В театре пахло бенефисом. Сам губернатор обещал почтить «театральную именинницу», вручая ей сотенную за ложу.
Уборная торжествующей Киски была битком набита. Здесь был и липкий, как сахар, белобрысый рецензент «Захолустья», и предводитель, и влюбленный Томилин, и наконец, сам Илья Исаевич, сиявший улыбкой и орденами.
Сама именинница в коротеньком платьице, уже готовая к 1-му действию, казалась прехорошенькой девочкой. Она и подделывалась под этот тон, играла глазками, наивничала и, в общем, была прелестна.
— Вы уж поддержите, господа! — по-детски складывая ручки, просила она.
— Ну, еще бы, божественная, мозоли нахлопаем.
— А подношения есть? — лукаво прищурилась Киска.
— Весь оркестр завален, чуть будку не сбили с места. Ванька и то жалуется, что ему лысину пробьют, — шутил «сам», довольный бенефисом.
— Ах, вы милый! — подпрыгнула она и сочно чмокнула его в самые губы.
— Раз! — засмеялся остановившийся на пороге Горский.
— Мамочка, нельзя. Отвернись, сахарный. Ведь случай-то такой! Ради случая можно.
— Да вы не беспокойтесь, Илья Исаевич, он не ревнует, — не совсем искренне засмеялась Танина.
— Ну-у?
— В примадонну врезался! Ей-Богу…
— Ну, это уж не годится — обижать Кисоньку, — нежно протянул председатель и шокированный и задетый в одно и то же время пикантной разнузданностью Кис-Кис.
— И не обидит, Вадим Павлович… Не заплачу: другие найдутся… «Новый поклонник его мне заменит, горе ему же, мне что ж за беда!» — лихо пропела Киска, играя разгоревшимися глазами.
— Браво! Браво! — вторили мужчины, окружившие эту маленькую, соблазнительную в своем задоре женщину.
Но Горский ничего не замечал, казалось…
Раздался 1-ый звонок. Он прошел в уборную Ратмировой…
— Ольга Павловна, можно?
— Входите.
Она сидела у зеркала, тоже готовая к выходу с ролью в руках.
Он окинул ее опытным взглядом и тотчас же понял, что такая, как она, чистая и хорошая, для роли не годится.
— Что, не то? — угадав его мысль, спросила она тревожно.

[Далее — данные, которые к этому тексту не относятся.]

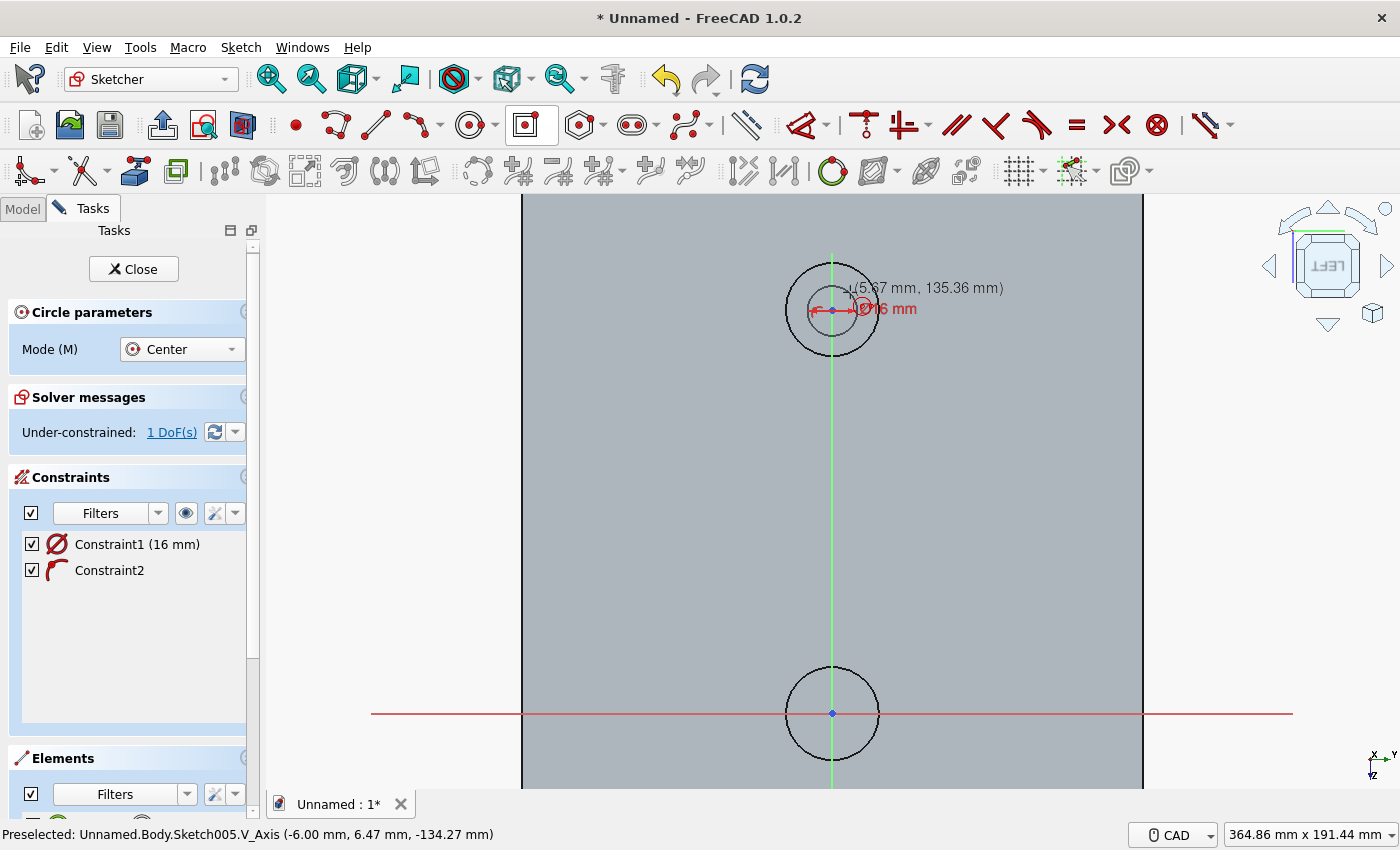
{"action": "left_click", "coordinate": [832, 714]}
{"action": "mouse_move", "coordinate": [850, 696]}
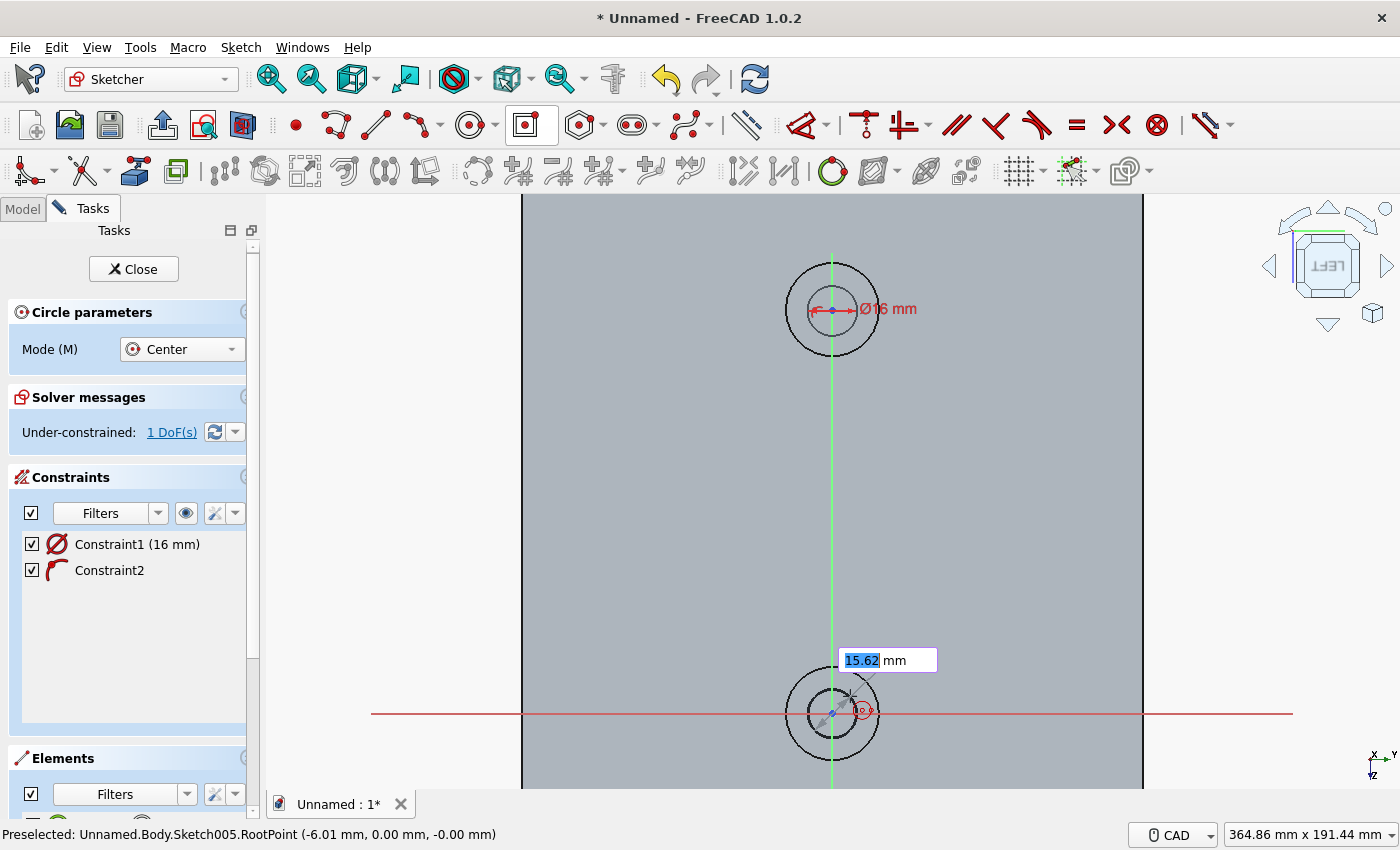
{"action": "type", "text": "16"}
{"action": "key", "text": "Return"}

— Не то, голубушка. Перцу в вас нет, — сознался он чистосердечно.
— Чего?
— Перцу!
Он засмеялась.
— Это как у Таниной?
— Как у Таниной.
— И непоправимо?
— Вы не рассердитесь, если я предложу вам выпить для храбрости и удали.

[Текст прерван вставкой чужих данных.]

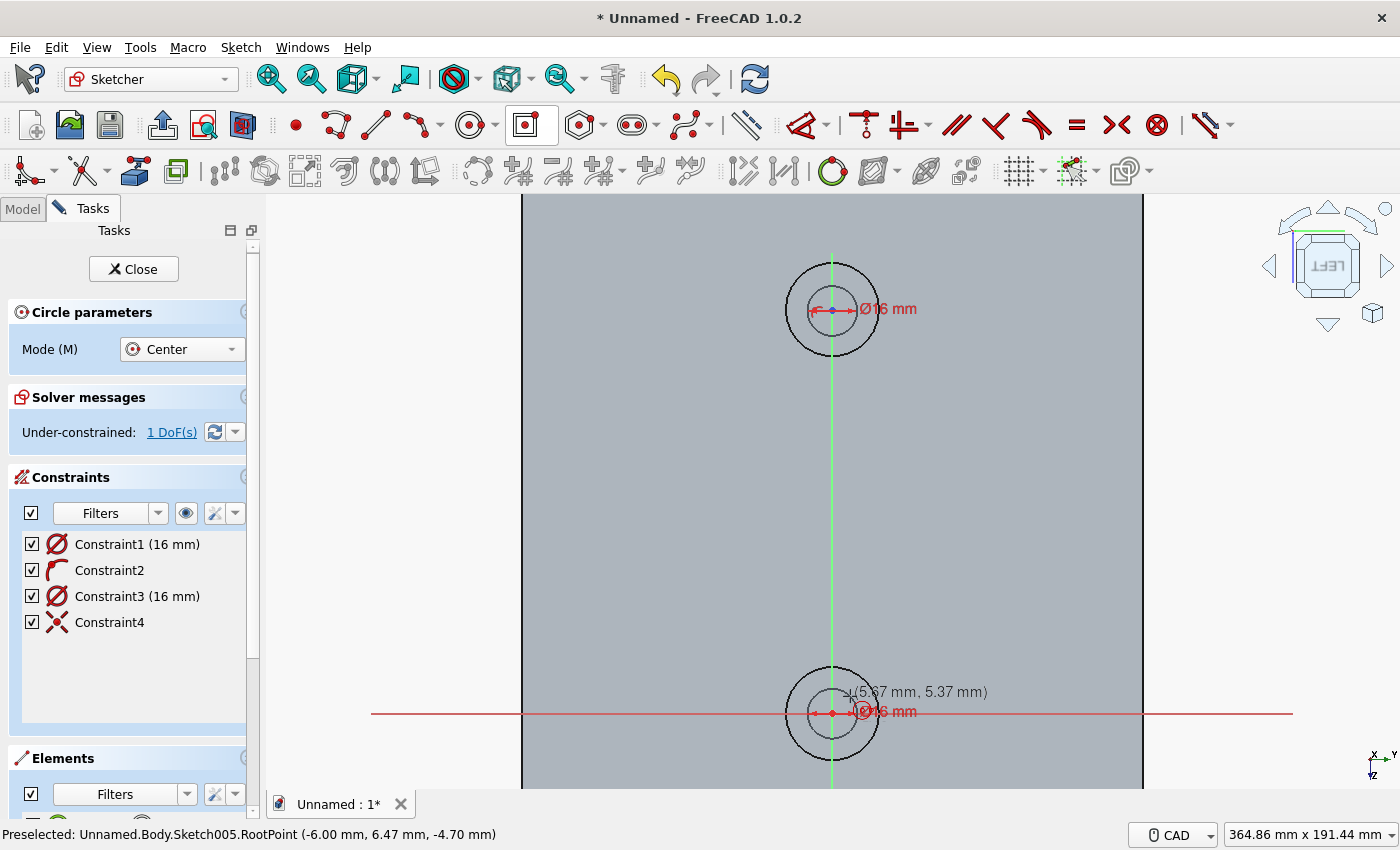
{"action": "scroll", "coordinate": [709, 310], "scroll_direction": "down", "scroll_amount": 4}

— Нет, не рассержусь. И вы думаете, это поможет?
— Попробуем.
Он крикнул проходившего бутафора, приказав ему принести в уборную бутылку шампанского.
Первый же бокал ударил ей в голову. Она не привыкла пить.
— Противно? — засмеялся он, видя, как забавно морщит она свой тонкий носик.
— Нет, ничего… Только вся роль из головы выскочила.
— Это только до выхода. На сцене заговорите. И что у вас за скверная привычка, барышня, зубрить роли в зубрежку? — сказал он и взял ее за руку.
— Что поделаешь, — школа! — как то виновато улыбнулась она и руки не отдернула против обыкновения.
Они помолчали.
В уборную заглянули две маленькие актрисы на «выходные» роли, хихикнули и скрылись.
И вдруг весь страх Ольги прошел и заменился каким-то необузданным весельем. В голове шумело. Горский — такой красивый с темной, замечательно шедшей к нему «наклейкой» и в светлом паре — ей ужасно нравился сегодня. И потом он так откровенно любовался ею.
Его горячий взгляд, обнимающий ее фигуру и смущал, и радовал ее.
— Какой вы интересный, — созналась она, краснея.
— Грим удачен, — постарался бросить он возможно равнодушнее, но голос его дрогнул.
— Как странно, — говорила она после второго бокала, заставившего ярко заискриться ее темные глаза: — вы Макс в жизни и Макс на сцене. Это ужасно удобно.
— Для кого удобно?
— Для партнерш. Для Елены Александровны… для меня…
— Для Елены, может быть… но не для вас… Что я вам…
И он сильнее сжал ее руку.
— Послушайте… — слабо сопротивлялась она, — я хочу еще, — и потянулась к бутылке.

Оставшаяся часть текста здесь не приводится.